Start of Block

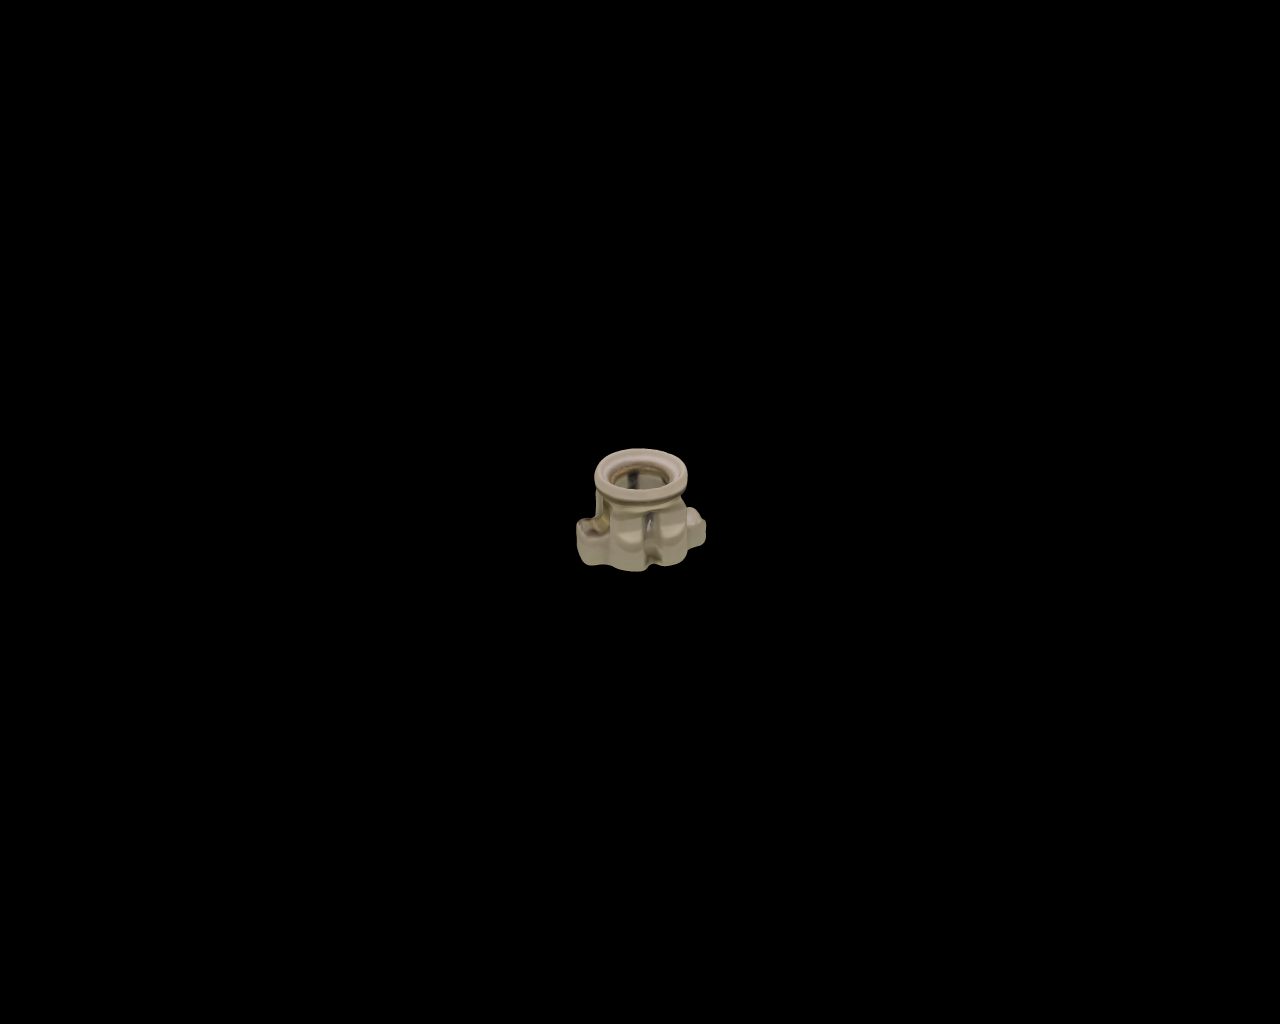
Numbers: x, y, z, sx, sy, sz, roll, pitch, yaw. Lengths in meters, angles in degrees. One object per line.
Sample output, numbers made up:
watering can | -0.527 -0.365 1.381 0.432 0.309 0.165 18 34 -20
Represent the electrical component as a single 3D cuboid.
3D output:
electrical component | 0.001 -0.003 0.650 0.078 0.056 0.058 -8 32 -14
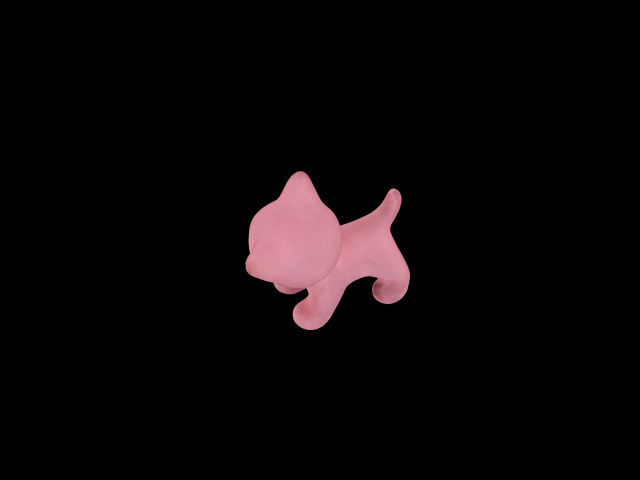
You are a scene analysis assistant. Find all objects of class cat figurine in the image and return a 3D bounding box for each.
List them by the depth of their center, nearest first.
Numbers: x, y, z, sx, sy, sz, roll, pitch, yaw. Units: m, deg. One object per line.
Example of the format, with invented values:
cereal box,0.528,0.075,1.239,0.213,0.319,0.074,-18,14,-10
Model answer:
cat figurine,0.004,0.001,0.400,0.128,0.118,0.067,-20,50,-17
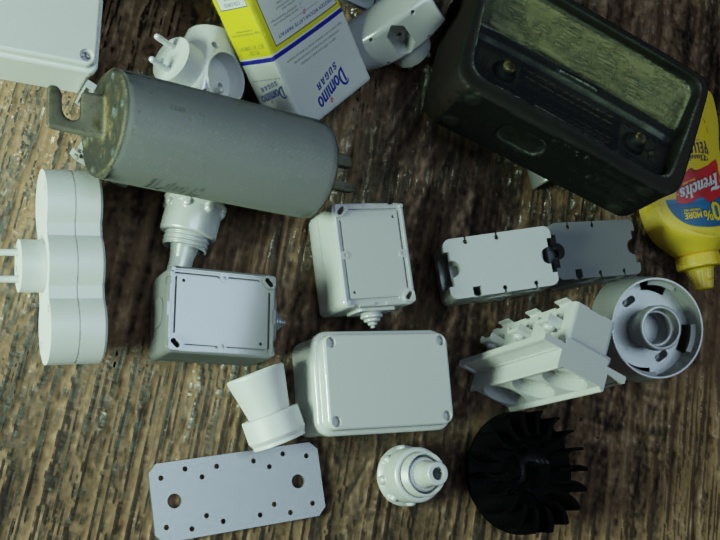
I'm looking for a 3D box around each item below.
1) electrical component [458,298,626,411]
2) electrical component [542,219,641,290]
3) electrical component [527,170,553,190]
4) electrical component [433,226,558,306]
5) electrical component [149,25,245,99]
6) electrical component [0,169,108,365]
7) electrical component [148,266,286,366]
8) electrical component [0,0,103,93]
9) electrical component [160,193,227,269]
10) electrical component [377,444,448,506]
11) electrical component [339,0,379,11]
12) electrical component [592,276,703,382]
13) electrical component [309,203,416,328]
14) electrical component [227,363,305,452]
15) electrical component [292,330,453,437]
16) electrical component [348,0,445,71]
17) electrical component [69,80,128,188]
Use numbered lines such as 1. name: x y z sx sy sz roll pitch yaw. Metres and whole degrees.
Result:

End of Block

→ **What to work on**
Pull each line that includes the word "degrees" out of the material above.

→ **Your response**
Numbers: x, y, z, sx, sy, sz, roll, pitch, yaw. Lengths in meters, angles in degrees. One object per line.
Use numbered lines such as 1. name: x y z sx sy sz roll pitch yaw. Metres and whole degrees.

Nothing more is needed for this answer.